What we do not have are studies that would (say) randomize long-term exposure to princesses while holding everything else constant. Sure, some parents keep their kids away from princess media (or, for my mom, Barbies), but those behaviors are likely linked to other change in media exposure. Apropos of the original question, there are no research studies that link metrics of adult “success” with princess exposure as a child.

Based on what we see, I think any such links are a big stretch. Further, as the princesses get less girly, these concerns become less salient.

There is, however, a final issue that deserves more discussion. Princesses may be less traditionally feminine in their behavior now, but — not to put too fine a point on it — their appearance hasn’t evolved much. They are all conventionally attractive. Shiny hair. Clear skin. Big breasts. They are all thin.

This is, of course, obvious from looking at pictures. But we can also study it with data. Like in this paper, which measured the waist-to-hip ratio of Disney princesses and found it was an average of 0:5. This was significantly smaller than in the villains (average of 0:66). It is totally unrealistic as an actual body feature. By comparison, at her thinnest, Kim Kardashian reported having a waist of 24 inches with hips of 39 inches. That’s a ratio of 0:61!

BuzzFeed (bless their hearts) published this amazing article in which staffers were Photoshopped into princess proportions. The Little Mermaid one below might be my favorite, as it further illustrates that the princess eyes are really out of proportion.

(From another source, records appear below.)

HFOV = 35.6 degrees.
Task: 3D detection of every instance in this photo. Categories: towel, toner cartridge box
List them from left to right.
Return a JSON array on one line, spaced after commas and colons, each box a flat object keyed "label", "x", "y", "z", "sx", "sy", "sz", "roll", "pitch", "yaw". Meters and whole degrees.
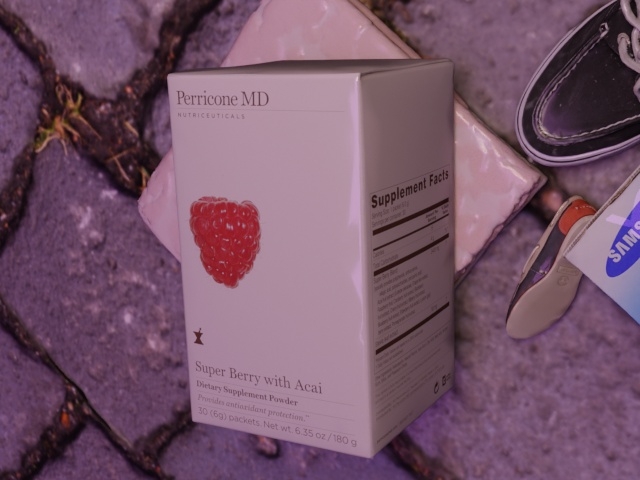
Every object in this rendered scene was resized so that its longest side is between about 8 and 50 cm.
[{"label": "towel", "x": 0.001, "y": -0.046, "z": 0.952, "sx": 0.317, "sy": 0.053, "sz": 0.332, "roll": 44, "pitch": 119, "yaw": 13}, {"label": "toner cartridge box", "x": 0.278, "y": -0.056, "z": 0.621, "sx": 0.075, "sy": 0.348, "sz": 0.165, "roll": 44, "pitch": 118, "yaw": 16}]

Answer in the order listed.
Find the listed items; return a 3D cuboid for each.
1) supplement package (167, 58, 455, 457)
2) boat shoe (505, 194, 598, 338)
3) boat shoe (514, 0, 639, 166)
[{"label": "supplement package", "x": 0.000, "y": 0.000, "z": 0.830, "sx": 0.178, "sy": 0.175, "sz": 0.293, "roll": 5, "pitch": 105, "yaw": 30}, {"label": "boat shoe", "x": 0.198, "y": 0.025, "z": 0.863, "sx": 0.137, "sy": 0.049, "sz": 0.043, "roll": -65, "pitch": 27, "yaw": 27}, {"label": "boat shoe", "x": 0.267, "y": -0.151, "z": 0.746, "sx": 0.306, "sy": 0.105, "sz": 0.113, "roll": -29, "pitch": 86, "yaw": 31}]
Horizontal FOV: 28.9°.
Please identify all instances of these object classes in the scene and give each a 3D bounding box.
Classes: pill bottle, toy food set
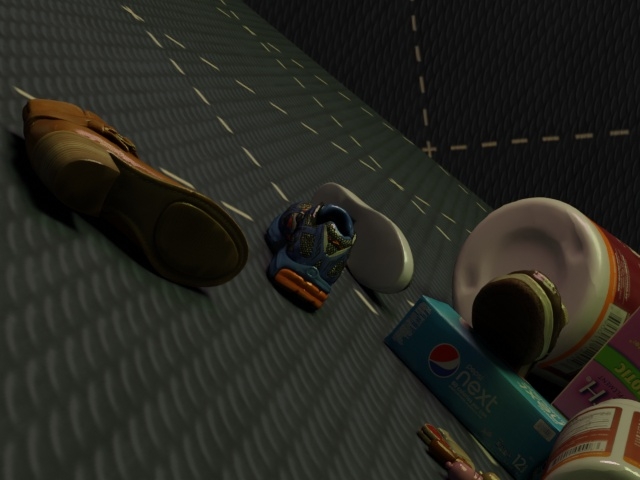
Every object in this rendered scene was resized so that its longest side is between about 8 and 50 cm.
[{"bbox_3d":[0.373,0.103,1.740,0.392,0.224,0.224,27,16,-49],"label":"pill bottle"},{"bbox_3d":[0.126,0.196,1.087,0.078,0.019,0.122,28,15,-45],"label":"toy food set"},{"bbox_3d":[0.261,0.217,1.109,0.121,0.121,0.216,41,20,7],"label":"pill bottle"}]

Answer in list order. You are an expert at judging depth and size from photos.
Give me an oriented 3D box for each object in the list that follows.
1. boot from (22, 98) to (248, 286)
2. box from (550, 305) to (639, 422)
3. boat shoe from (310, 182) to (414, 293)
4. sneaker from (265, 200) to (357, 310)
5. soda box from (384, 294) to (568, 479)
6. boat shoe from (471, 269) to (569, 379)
[{"bbox_3d":[-0.153,-0.047,1.018,0.197,0.073,0.152,35,7,-34],"label":"boot"},{"bbox_3d":[0.401,0.200,1.393,0.213,0.243,0.117,46,13,27],"label":"box"},{"bbox_3d":[0.063,0.004,1.523,0.076,0.080,0.228,29,7,-36],"label":"boat shoe"},{"bbox_3d":[0.000,0.000,1.282,0.083,0.087,0.221,37,11,-15],"label":"sneaker"},{"bbox_3d":[0.165,0.151,1.277,0.210,0.067,0.071,46,13,29],"label":"soda box"},{"bbox_3d":[0.218,0.085,1.332,0.095,0.095,0.257,51,-19,15],"label":"boat shoe"}]
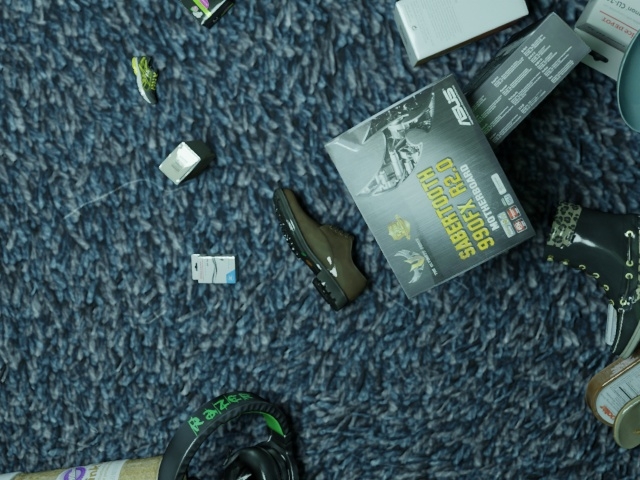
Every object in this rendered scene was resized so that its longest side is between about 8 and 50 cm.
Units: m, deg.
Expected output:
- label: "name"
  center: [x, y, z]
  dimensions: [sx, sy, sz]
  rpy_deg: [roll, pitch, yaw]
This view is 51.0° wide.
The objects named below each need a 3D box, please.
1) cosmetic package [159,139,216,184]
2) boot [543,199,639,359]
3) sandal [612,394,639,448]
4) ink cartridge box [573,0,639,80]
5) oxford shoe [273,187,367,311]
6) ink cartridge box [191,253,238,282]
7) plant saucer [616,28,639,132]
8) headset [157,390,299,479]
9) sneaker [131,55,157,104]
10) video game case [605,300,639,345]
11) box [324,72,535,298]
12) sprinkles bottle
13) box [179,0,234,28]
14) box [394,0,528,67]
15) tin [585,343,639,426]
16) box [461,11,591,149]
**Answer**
- label: "cosmetic package"
  center: [-0.215, -0.130, 1.098]
  dimensions: [0.041, 0.115, 0.060]
  rpy_deg: [45, 102, -5]
- label: "boot"
  center: [0.447, 0.057, 1.081]
  dimensions: [0.179, 0.085, 0.236]
  rpy_deg: [15, 104, 20]
- label: "sandal"
  center: [0.556, 0.279, 1.095]
  dimensions: [0.180, 0.049, 0.072]
  rpy_deg: [-42, 101, 16]
- label: "ink cartridge box"
  center: [0.474, -0.356, 1.022]
  dimensions: [0.115, 0.067, 0.198]
  rpy_deg: [27, 102, -1]
- label: "oxford shoe"
  center: [0.000, 0.000, 1.132]
  dimensions: [0.096, 0.083, 0.227]
  rpy_deg: [-34, 94, -13]
- label: "ink cartridge box"
  center: [-0.187, 0.049, 1.171]
  dimensions: [0.083, 0.028, 0.048]
  rpy_deg: [-1, 100, 6]
- label: "plant saucer"
  center: [0.499, -0.257, 0.992]
  dimensions: [0.195, 0.037, 0.194]
  rpy_deg: [-13, 120, -23]
- label: "headset"
  center: [-0.170, 0.435, 1.157]
  dimensions: [0.185, 0.243, 0.394]
  rpy_deg: [18, 118, 43]
- label: "sneaker"
  center: [-0.287, -0.270, 1.122]
  dimensions: [0.035, 0.031, 0.083]
  rpy_deg: [-17, 98, 7]
- label: "video game case"
  center: [0.580, 0.094, 1.116]
  dimensions: [0.191, 0.022, 0.173]
  rpy_deg: [2, 100, 5]
- label: "box"
  center: [0.139, -0.068, 0.863]
  dimensions: [0.183, 0.056, 0.231]
  rpy_deg: [-28, 97, 8]
- label: "sprinkles bottle"
  center: [-0.427, 0.467, 1.220]
  dimensions: [0.356, 0.121, 0.121]
  rpy_deg: [-9, 99, 6]
- label: "box"
  center: [-0.192, -0.395, 1.081]
  dimensions: [0.062, 0.052, 0.083]
  rpy_deg: [-43, 93, 11]
- label: "box"
  center: [0.207, -0.341, 1.016]
  dimensions: [0.171, 0.130, 0.091]
  rpy_deg: [-21, 97, 9]
- label: "tin"
  center: [0.538, 0.239, 1.128]
  dimensions: [0.190, 0.040, 0.106]
  rpy_deg: [-42, 97, 16]
- label: "box"
  center: [0.225, -0.177, 0.988]
  dimensions: [0.076, 0.242, 0.307]
  rpy_deg: [43, 101, -3]
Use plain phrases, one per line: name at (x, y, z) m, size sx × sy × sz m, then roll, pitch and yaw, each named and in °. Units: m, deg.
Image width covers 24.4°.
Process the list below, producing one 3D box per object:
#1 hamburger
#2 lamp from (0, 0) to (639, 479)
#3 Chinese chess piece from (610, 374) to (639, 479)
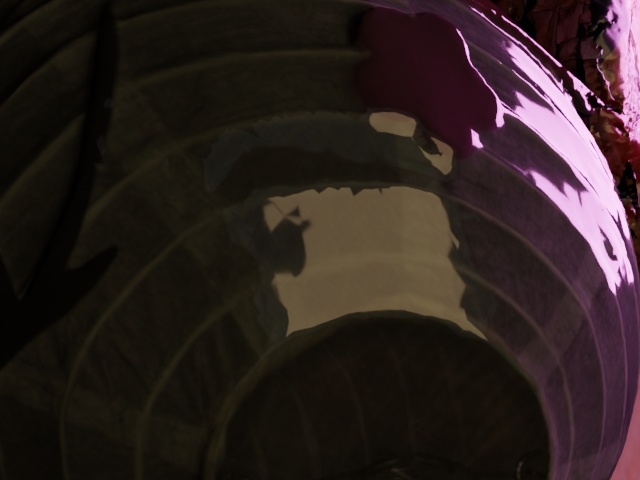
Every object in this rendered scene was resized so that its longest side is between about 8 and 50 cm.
hamburger at (0.157, -0.075, 0.768) m, size 0.231 × 0.107 × 0.231 m, roll 7°, pitch 80°, yaw -49°
lamp at (-0.026, 0.011, 0.461) m, size 0.265 × 0.233 × 0.233 m, roll 12°, pitch 80°, yaw -32°
Chinese chess piece at (0.079, 0.140, 0.675) m, size 0.250 × 0.103 × 0.250 m, roll 0°, pitch 90°, yaw -51°
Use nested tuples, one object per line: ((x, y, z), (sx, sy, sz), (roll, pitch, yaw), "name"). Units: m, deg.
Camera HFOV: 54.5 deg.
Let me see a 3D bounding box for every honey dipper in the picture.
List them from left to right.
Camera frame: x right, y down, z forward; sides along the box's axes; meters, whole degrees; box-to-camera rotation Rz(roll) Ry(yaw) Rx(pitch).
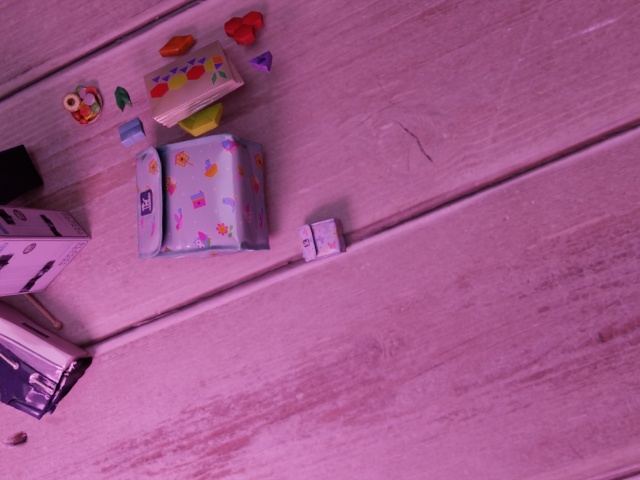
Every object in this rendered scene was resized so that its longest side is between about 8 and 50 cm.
((-0.613, 0.132, 1.332), (0.161, 0.030, 0.030), (41, 97, 6), "honey dipper")

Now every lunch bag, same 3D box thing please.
((-0.246, -0.075, 1.192), (0.263, 0.160, 0.223), (-4, 88, 19), "lunch bag")
((0.000, 0.000, 1.193), (0.083, 0.053, 0.071), (-12, 86, 20), "lunch bag")

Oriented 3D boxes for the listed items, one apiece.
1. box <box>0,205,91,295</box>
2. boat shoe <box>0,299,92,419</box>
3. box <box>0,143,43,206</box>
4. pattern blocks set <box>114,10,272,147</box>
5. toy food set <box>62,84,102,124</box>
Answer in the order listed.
((-0.595, 0.022, 1.196), (0.087, 0.290, 0.169), (45, 96, 7), "box")
((-0.657, 0.232, 1.278), (0.341, 0.127, 0.158), (29, 87, 6), "boat shoe")
((-0.710, -0.094, 1.226), (0.185, 0.261, 0.103), (-17, 108, 12), "box")
((-0.246, -0.305, 1.194), (0.325, 0.026, 0.285), (-18, 55, 8), "pattern blocks set")
((-0.500, -0.287, 1.313), (0.083, 0.020, 0.083), (-33, 83, 10), "toy food set")
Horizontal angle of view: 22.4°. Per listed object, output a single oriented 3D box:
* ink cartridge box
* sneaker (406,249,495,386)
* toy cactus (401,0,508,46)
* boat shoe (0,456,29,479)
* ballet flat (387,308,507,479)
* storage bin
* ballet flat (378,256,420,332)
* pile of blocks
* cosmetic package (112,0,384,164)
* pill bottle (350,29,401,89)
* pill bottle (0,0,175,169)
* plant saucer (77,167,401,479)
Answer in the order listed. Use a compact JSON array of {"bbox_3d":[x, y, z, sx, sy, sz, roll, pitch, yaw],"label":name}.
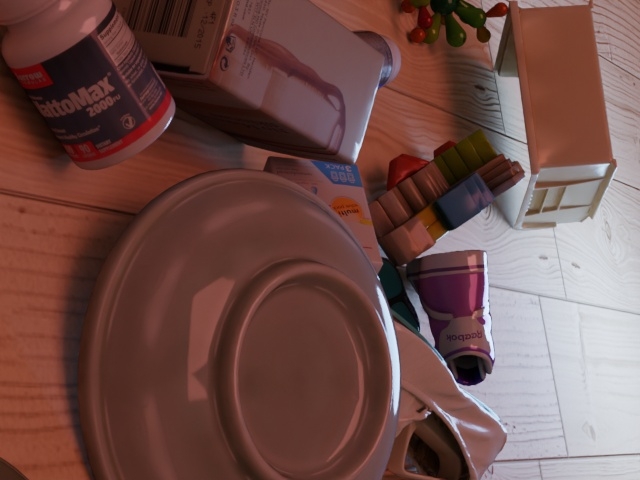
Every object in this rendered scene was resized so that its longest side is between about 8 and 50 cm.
[{"bbox_3d":[0.000,0.000,1.687,0.104,0.061,0.181,4,48,-20],"label":"ink cartridge box"},{"bbox_3d":[0.160,0.095,1.956,0.282,0.102,0.161,5,77,-84],"label":"sneaker"},{"bbox_3d":[0.169,-0.360,2.267,0.219,0.112,0.180,-10,76,-54],"label":"toy cactus"},{"bbox_3d":[-0.267,0.191,1.185,0.228,0.068,0.081,48,2,-45],"label":"boat shoe"},{"bbox_3d":[0.094,0.189,1.822,0.400,0.139,0.139,45,40,-46],"label":"ballet flat"},{"bbox_3d":[0.335,-0.178,2.353,0.260,0.123,0.262,90,-6,-72],"label":"storage bin"},{"bbox_3d":[0.086,0.067,1.955,0.114,0.041,0.041,65,29,-19],"label":"ballet flat"},{"bbox_3d":[0.156,-0.078,2.030,0.113,0.149,0.362,57,27,-2],"label":"pile of blocks"},{"bbox_3d":[-0.076,-0.181,1.600,0.296,0.153,0.129,24,79,-58],"label":"cosmetic package"},{"bbox_3d":[0.042,-0.216,1.957,0.137,0.078,0.078,-18,93,-62],"label":"pill bottle"},{"bbox_3d":[-0.215,-0.161,1.411,0.180,0.108,0.108,58,31,-29],"label":"pill bottle"},{"bbox_3d":[-0.038,0.128,1.487,0.400,0.100,0.400,7,81,-45],"label":"plant saucer"}]
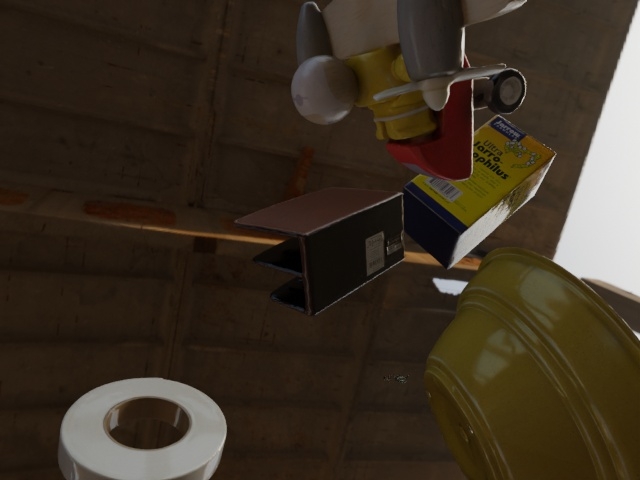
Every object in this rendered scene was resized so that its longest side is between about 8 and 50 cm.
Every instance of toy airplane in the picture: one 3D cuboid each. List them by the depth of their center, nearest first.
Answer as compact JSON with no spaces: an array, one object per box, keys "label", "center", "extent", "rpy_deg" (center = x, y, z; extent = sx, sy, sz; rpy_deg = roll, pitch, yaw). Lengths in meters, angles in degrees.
[{"label":"toy airplane","center":[0.068,-0.268,0.603],"extent":[0.272,0.386,0.384],"rpy_deg":[-37,-110,-8]}]

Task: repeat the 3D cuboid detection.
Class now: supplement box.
[{"label":"supplement box","center":[0.406,-0.130,1.245],"extent":[0.356,0.195,0.194],"rpy_deg":[-38,-26,-15]}]

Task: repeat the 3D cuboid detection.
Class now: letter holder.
[{"label":"letter holder","center":[0.000,0.000,0.945],"extent":[0.301,0.214,0.152],"rpy_deg":[-25,-62,-44]}]

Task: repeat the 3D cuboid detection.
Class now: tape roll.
[{"label":"tape roll","center":[-0.430,0.477,1.157],"extent":[0.391,0.392,0.072],"rpy_deg":[8,-75,-22]}]

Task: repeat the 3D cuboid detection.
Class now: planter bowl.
[{"label":"planter bowl","center":[0.136,0.121,0.332],"extent":[0.090,0.217,0.217],"rpy_deg":[-22,-68,-7]}]

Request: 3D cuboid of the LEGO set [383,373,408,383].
[{"label":"LEGO set","center":[0.218,0.401,1.339],"extent":[0.083,0.054,0.024],"rpy_deg":[4,-89,-15]}]
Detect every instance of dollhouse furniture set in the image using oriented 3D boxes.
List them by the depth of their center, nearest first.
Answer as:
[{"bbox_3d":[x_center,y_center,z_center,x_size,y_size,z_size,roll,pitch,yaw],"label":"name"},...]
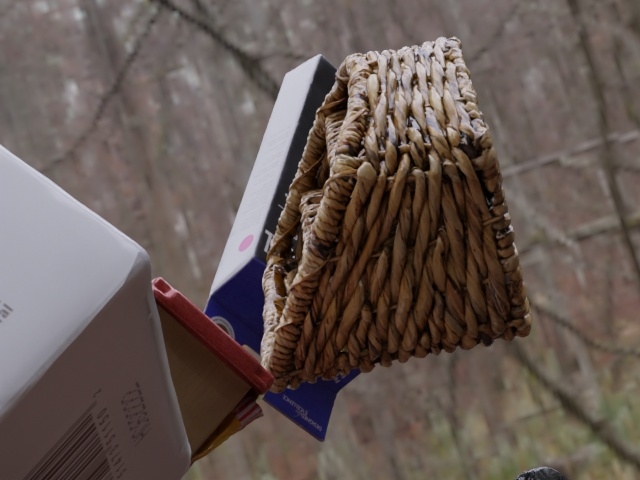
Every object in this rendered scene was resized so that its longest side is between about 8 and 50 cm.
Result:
[{"bbox_3d":[-0.050,0.224,1.139,0.201,0.374,0.152,-47,1,-13],"label":"dollhouse furniture set"}]

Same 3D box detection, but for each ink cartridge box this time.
[{"bbox_3d":[0.000,0.000,1.644,0.176,0.371,0.069,39,-42,-25],"label":"ink cartridge box"}]

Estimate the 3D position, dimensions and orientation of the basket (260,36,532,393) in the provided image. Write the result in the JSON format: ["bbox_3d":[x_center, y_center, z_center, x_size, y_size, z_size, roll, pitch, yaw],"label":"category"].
[{"bbox_3d":[0.033,-0.040,1.349,0.223,0.213,0.299,-13,20,5],"label":"basket"}]

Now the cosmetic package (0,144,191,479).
[{"bbox_3d":[-0.287,-0.010,0.787,0.161,0.453,0.230,-48,-19,-22],"label":"cosmetic package"}]

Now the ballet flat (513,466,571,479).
[{"bbox_3d":[0.218,0.248,1.305,0.057,0.173,0.049,-38,-7,-33],"label":"ballet flat"}]
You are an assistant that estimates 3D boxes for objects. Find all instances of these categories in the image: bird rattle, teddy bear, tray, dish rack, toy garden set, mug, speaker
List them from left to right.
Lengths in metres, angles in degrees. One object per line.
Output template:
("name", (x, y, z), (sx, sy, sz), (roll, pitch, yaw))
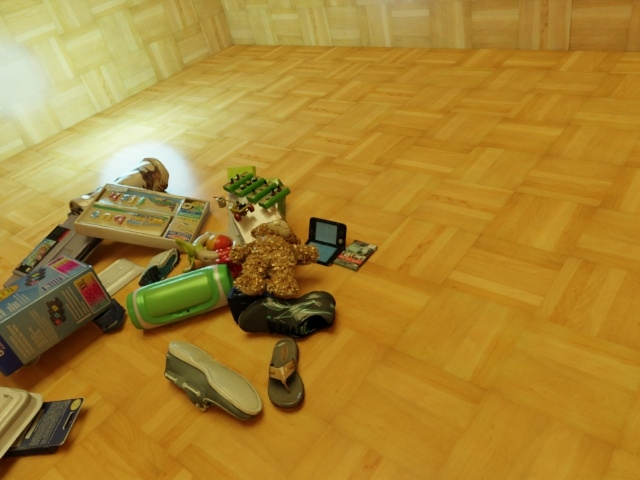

A side-by side of Ariel from the Little Mermaid and a real human body, photoshopped to the same proportions.

This proves that literally no one could look like Ariel (without significant and dangerous plastic surgery). But it doesn’t prove it matters for self-image. That is: we can’t know whether the princesses are fueling body-image issues any more than we can prove it for other media.

On the encouraging side, we have one randomized controlled trial of 120 girls between ages 3 and 6 in which body image wasn’t affected by princess media exposure. Granted, this is a short-term exposure and it’s just one trial. The ways in which modern society imposes a particular body ideal on girls are undoubtedly more complicated than one set of movies. Still, I don’t think it would kill Disney to introduce some princesses who were slightly more normal-size, or at least had biologically feasible human proportions.

To answer the original question: I do not see anything in the data that would suggest your child will be less successful if they like Disney princesses, although we’d likely do well to remind them as they age into puberty that princess proportions are not for people.

I would be remiss not to mention by far the best thing I read in doing this research, which is this essay by an eighth grader on the possible impact of Disney princesses on girls. It makes many excellent points about the insanity of the princesses’ appearance (e.g. “In the movie Frozen, it is very clear that Anna’s eye is bigger than her wrist, which is not true for a normal person”). The essay ultimately concludes that Disney princesses could cause girls to have an unrealistic body image. However, I personally came away thinking that if this middle-schooler is reflective of our youth, Disney has an uphill battle to ruin them.